Intimacy. I chose the word intimacy over sex intentionally because it more fully capitulates the point I want to make. My definition of intimacy is knowing someone on deeper levels that transcends average relationships and bonds - being completely vulnerable and completely protected at the same time. Sex has become so commercialized and glamorized in today's society that it unfortunately is not kept in the confounds of marriage a lot of times. Sex is something frequently tossed around casually by people in many contexts. Intimacy though is something that you can't just experience with anyone. Intimacy requires more attentiveness, time, and connection than sex does. It almost supersedes words because it is so surreal to have true intimacy with your spouse. It is a bond and experience that really just isn't fully realized if explored outside of marriage.
Intimacy is the fifth Food for Marriage I want to discuss. Every marriage needs intimacy. It connects us with our spouse in ways we cannot connect with anyone else. It is this amazing gift from God that allows us to know each other on such deep levels that they can barely be described really. They just have to be experienced.
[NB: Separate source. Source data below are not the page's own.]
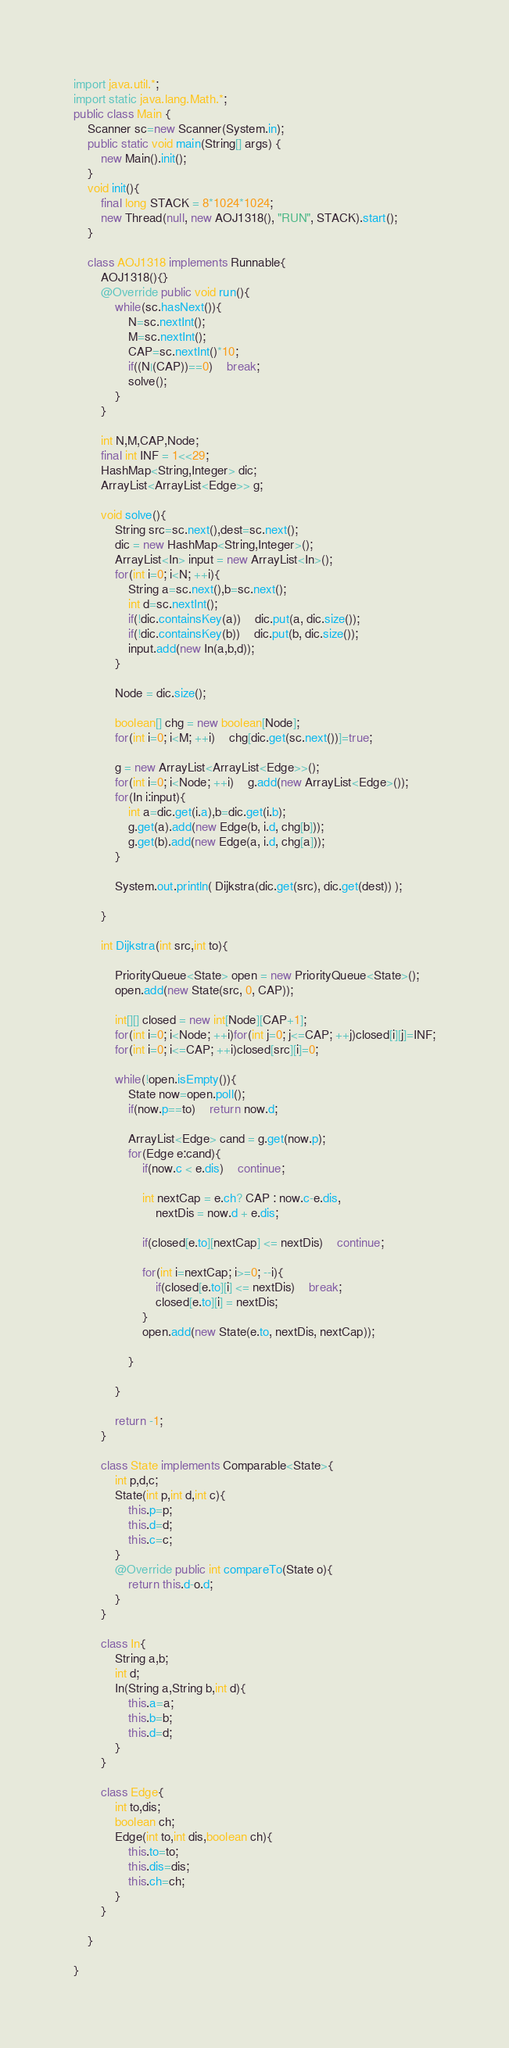<code> <loc_0><loc_0><loc_500><loc_500><_Java_>import java.util.*;
import static java.lang.Math.*;
public class Main {
	Scanner sc=new Scanner(System.in);
	public static void main(String[] args) {
		new Main().init();
	}
	void init(){
		final long STACK = 8*1024*1024;
		new Thread(null, new AOJ1318(), "RUN", STACK).start();
	}
	
	class AOJ1318 implements Runnable{
		AOJ1318(){}
		@Override public void run(){
			while(sc.hasNext()){
				N=sc.nextInt();
				M=sc.nextInt();
				CAP=sc.nextInt()*10;
				if((N|(CAP))==0)	break;
				solve();
			}
		}
		
		int N,M,CAP,Node;
		final int INF = 1<<29;
		HashMap<String,Integer> dic;
		ArrayList<ArrayList<Edge>> g;
		
		void solve(){
			String src=sc.next(),dest=sc.next();
			dic = new HashMap<String,Integer>();
			ArrayList<In> input = new ArrayList<In>();
			for(int i=0; i<N; ++i){
				String a=sc.next(),b=sc.next();
				int d=sc.nextInt();
				if(!dic.containsKey(a))	dic.put(a, dic.size());
				if(!dic.containsKey(b))	dic.put(b, dic.size());
				input.add(new In(a,b,d));
			}
			
			Node = dic.size();
			
			boolean[] chg = new boolean[Node];
			for(int i=0; i<M; ++i)	chg[dic.get(sc.next())]=true;
			
			g = new ArrayList<ArrayList<Edge>>();
			for(int i=0; i<Node; ++i)	g.add(new ArrayList<Edge>());
			for(In i:input){
				int a=dic.get(i.a),b=dic.get(i.b);
				g.get(a).add(new Edge(b, i.d, chg[b]));
				g.get(b).add(new Edge(a, i.d, chg[a]));
			}
			
			System.out.println( Dijkstra(dic.get(src), dic.get(dest)) );
			
		}
		
		int Dijkstra(int src,int to){
			
			PriorityQueue<State> open = new PriorityQueue<State>();
			open.add(new State(src, 0, CAP));
			
			int[][] closed = new int[Node][CAP+1];
			for(int i=0; i<Node; ++i)for(int j=0; j<=CAP; ++j)closed[i][j]=INF;
			for(int i=0; i<=CAP; ++i)closed[src][i]=0;
			
			while(!open.isEmpty()){
				State now=open.poll();
				if(now.p==to)	return now.d;
				
				ArrayList<Edge> cand = g.get(now.p);
				for(Edge e:cand){
					if(now.c < e.dis)	continue;
					
					int nextCap = e.ch? CAP : now.c-e.dis,
						nextDis = now.d + e.dis;
					
					if(closed[e.to][nextCap] <= nextDis)	continue;
					
					for(int i=nextCap; i>=0; --i){
						if(closed[e.to][i] <= nextDis)	break;
						closed[e.to][i] = nextDis;
					}
					open.add(new State(e.to, nextDis, nextCap));
					
				}
				
			}
			
			return -1;
		}
		
		class State implements Comparable<State>{
			int p,d,c;
			State(int p,int d,int c){
				this.p=p;
				this.d=d;
				this.c=c;
			}
			@Override public int compareTo(State o){
				return this.d-o.d;
			}
		}
		
		class In{
			String a,b;
			int d;
			In(String a,String b,int d){
				this.a=a;
				this.b=b;
				this.d=d;
			}
		}
		
		class Edge{
			int to,dis;
			boolean ch;
			Edge(int to,int dis,boolean ch){
				this.to=to;
				this.dis=dis;
				this.ch=ch;
			}
		}
		
	}

}</code>

Sex is a frequent gateway for intimacy to be cultivated, but it goes beyond just the sexual act itself and reaches to the deeper connection. It is that realization that you are sharing something so phenomenal, exciting, and special with this person you will be with for the rest of your life. Intimacy can also be cultivated through deep conversations that you don't have and can't have with just anyone. You may share experiences that have shaped you, things no one else knows about, deep fear or hopes, etc. It is all about sharing yourself with your spouse in a way that is only possible within the safety of that marital bond.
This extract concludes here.